Thursday, May 7, 2009

Sermon for March 3-4

The Second Midweek in Lent
March 3-4, 2009
Text: Exodus 20:12

Dear Friends in Christ,
As we resume our series on the Ten Commandments, it is perhaps important to consider what we have learned in First Table of the Law. All sins are violations of the First Commandment. We sin because we do not fear, love and trust in God above all things. Second, the law serves a threefold purpose. But the purpose that is always of most concern to us is the second use of the law - that is the law as a mirror to show us our sins.

The Ten Commandments, as we have often noted, don’t naturally fit into ten comments. Organizing them into Ten Commands is structure that has been imposed upon Exodus 20. This why there are several different versions of the Ten Commandments. They’re all taken from Exodus 20 and simply organized in different ways. But early on there was also a twofold organization of the law. Christ even acknowledges this when He quotes a verse from Deuteronomy that had become the Rabbinic summary of the law - Love the Lord your God will all your mind, all heart and all your soul, and love your neighbor as yourself. So the first half of the law, which we considered in Advent is about our relationship with God. The second half, which we will now consider, is about relationship with our fellow man.

The Fourth Commandment is normally placed in the second table of the Law, but it really serves as a transition. For it is the house father that is to see that his children are brought up in the fear and admonition of the Lord. The father in particular acts as God’s representative in the home. He is to be a mirror of our heavenly Father. It is well that we make note of the fact that children who are abused by their earthly fathers often have a hard time trusting in God the Father.

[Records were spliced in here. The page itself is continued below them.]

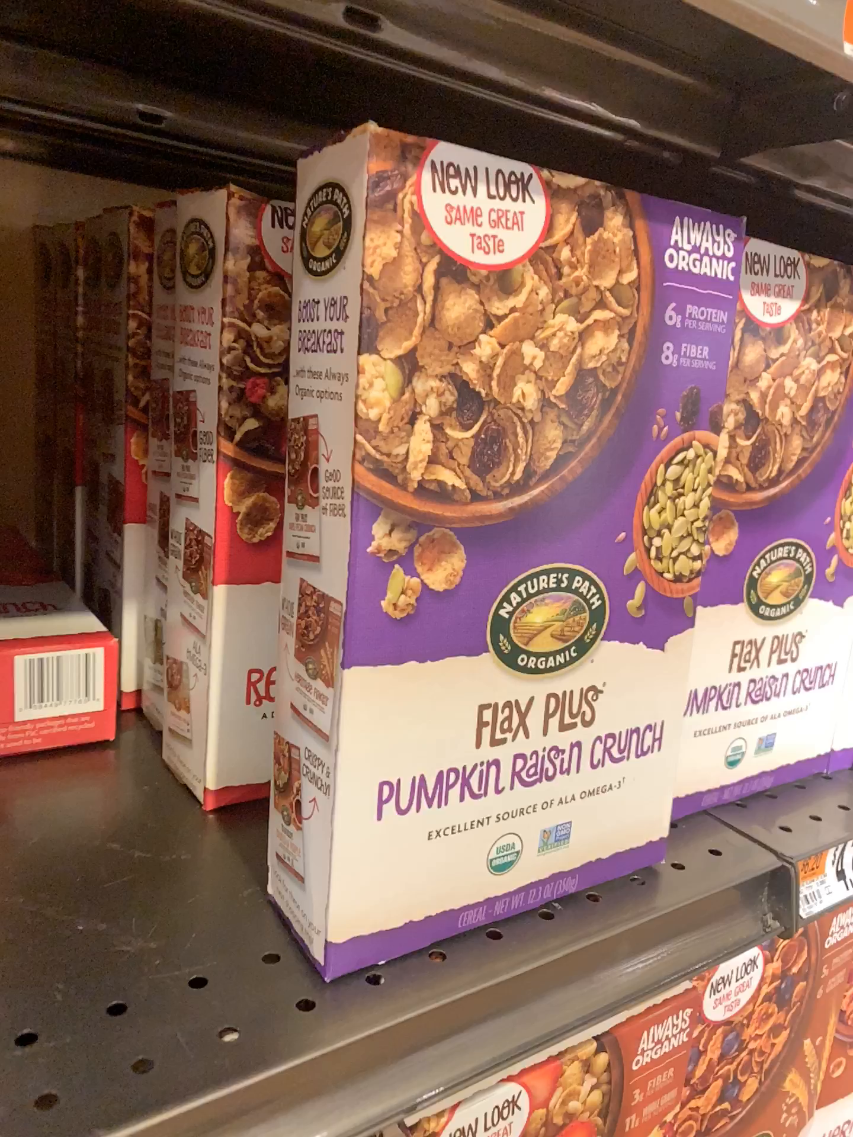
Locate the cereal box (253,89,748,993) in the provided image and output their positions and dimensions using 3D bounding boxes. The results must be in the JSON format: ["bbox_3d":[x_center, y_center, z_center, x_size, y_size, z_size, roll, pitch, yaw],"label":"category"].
[{"bbox_3d":[0.029,-0.006,0.327,0.170,0.269,0.050,-3,11,-34],"label":"cereal box"}]
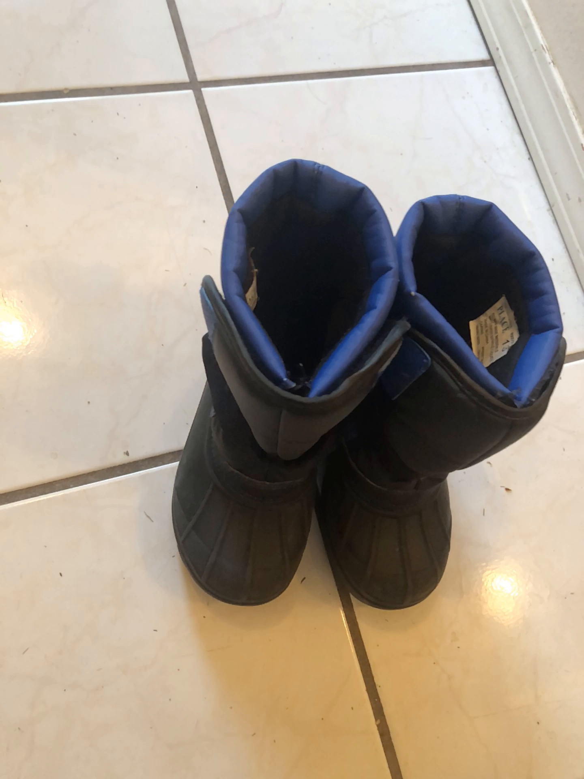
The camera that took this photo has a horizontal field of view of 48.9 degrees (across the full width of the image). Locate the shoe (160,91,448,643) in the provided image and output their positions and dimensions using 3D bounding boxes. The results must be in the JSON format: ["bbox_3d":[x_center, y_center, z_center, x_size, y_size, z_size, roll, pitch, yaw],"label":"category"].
[{"bbox_3d":[-0.012,0.007,0.359,0.100,0.200,0.230,4,73,-13],"label":"shoe"}]

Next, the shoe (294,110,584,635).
[{"bbox_3d":[0.077,0.007,0.397,0.100,0.200,0.250,2,74,-13],"label":"shoe"}]
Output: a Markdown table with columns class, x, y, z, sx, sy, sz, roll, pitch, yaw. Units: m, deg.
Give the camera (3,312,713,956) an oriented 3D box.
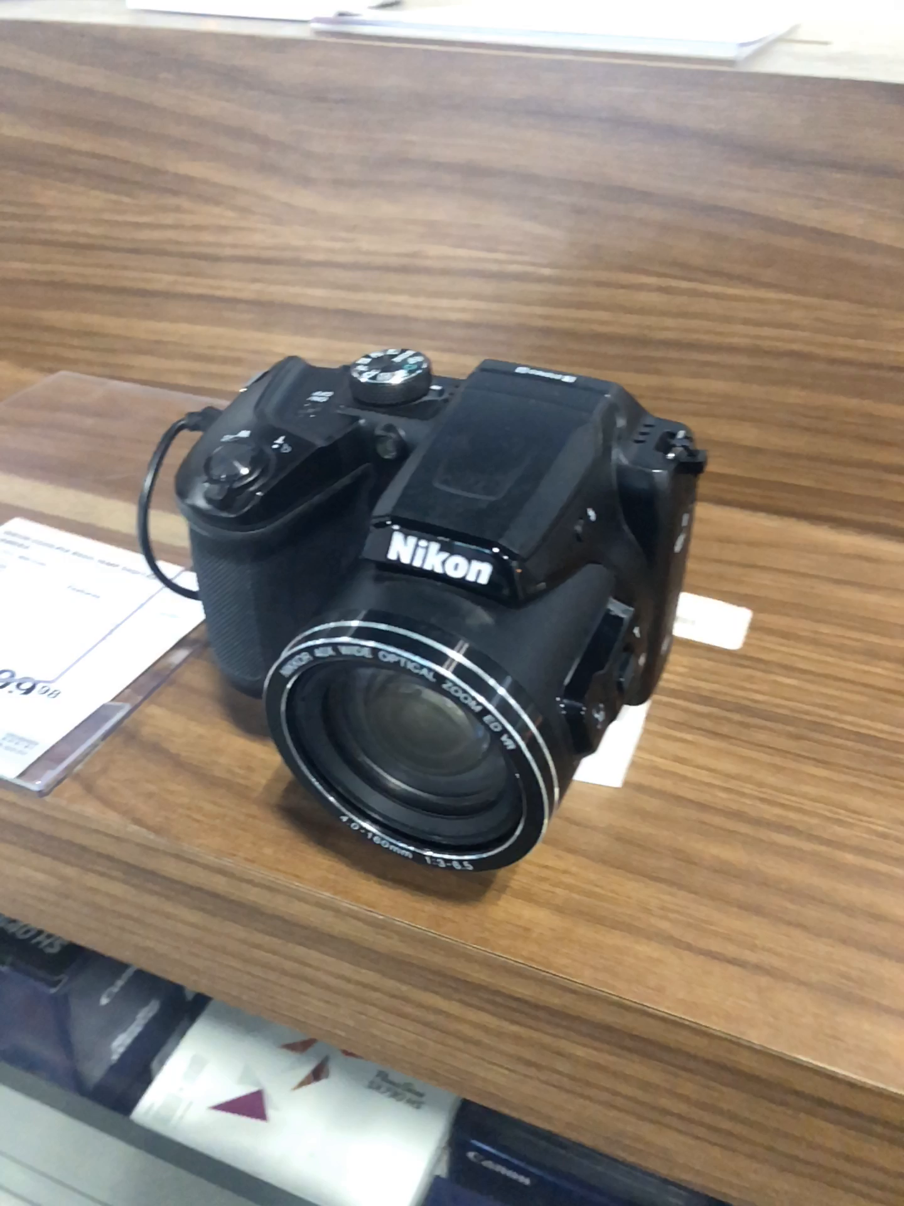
| class | x | y | z | sx | sy | sz | roll | pitch | yaw |
| --- | --- | --- | --- | --- | --- | --- | --- | --- | --- |
| camera | -0.013 | -0.004 | 0.221 | 0.110 | 0.079 | 0.096 | 14 | 35 | 17 |

What is it that we are commanded in the Fourth Commandment. We are to obey our parents, right? No. That’s that what is says. We are to honor our parents and this also then extends to other authorities. A school teacher acts in loco parentes - that is in place of the parent. Kings historically presented themselves as the father of their nation and called their subjects their children. But lets get back to the verb, that is the action here. We are to honor them. What does that mean? It’s a little more slippery and a little harder to quantify.

Consider this rather horrific example. A father has a teenage son and daughter. He commands the son to have sexual relations with his sister. Now, how do these two children honor their father? By refusing to obey him. If necessary by calling the police or other authorities to intervene. One might say how is having your own father carted off to jail honoring him? But it is when it is preventing some evil. Honor is about doing what is good and right. Many times, for children, it means to obey. But regardless of everything else, one honors their father and mother when they do that which is right.

Even as adults, we are bring honor to our parents. We are live our lives in such a way that it bring credit and praise to our parents. Nor does this end when our parents die. We honor their memory by continuing to do right. This extends even to how our parents are treated in death. Do we make certain that they have a proper funeral? Do we make certain their grave is proper marked and tended, and so forth? One of the scourges of a mobile society is that many people no longer live in the communities where their parents are buried. In these things we honor our parents.

What about matters of religion? What if our parents, particularly our fathers were rank unbelievers? First that we must say that they clung to that which is false. Honoring our parents is never about rewriting the past. So we must be honest. But then we, who know the truth of Jesus Christ, cling that truth. Though our parents might not think this is honoring them, it is. It is honoring them because we are clinging to the truth of God’s Word. You see honoring someone is not about what they feel, emotionally, is an honor. It is an objective thing. You are objectively bringing honor to their name. So a Christian who is the child of rank unbelievers fulfills the Fourth Commandment by remaining a faithful believer.

As in all the Commandments, the Fourth Commandment is an expression of God’s will for our lives. We show love for God and our parents by bringing honor to their name. But we also understand that no matter how hard we seek to do this, we will always fall short. We can never do perfectly, with a perfect hart, all that is required of us. The best we can do is a superficial, outward fulfillment. When we see this, the Fourth Commandment has become God’s mirror showing us our sins. Only Christ fulfills the law perfectly. He did that in our place. In the cross, He makes His obedience our obedience. And so for us, The Fourth Commandment, as well as all the comments, makes us flee to the cross. For there our sins were covered.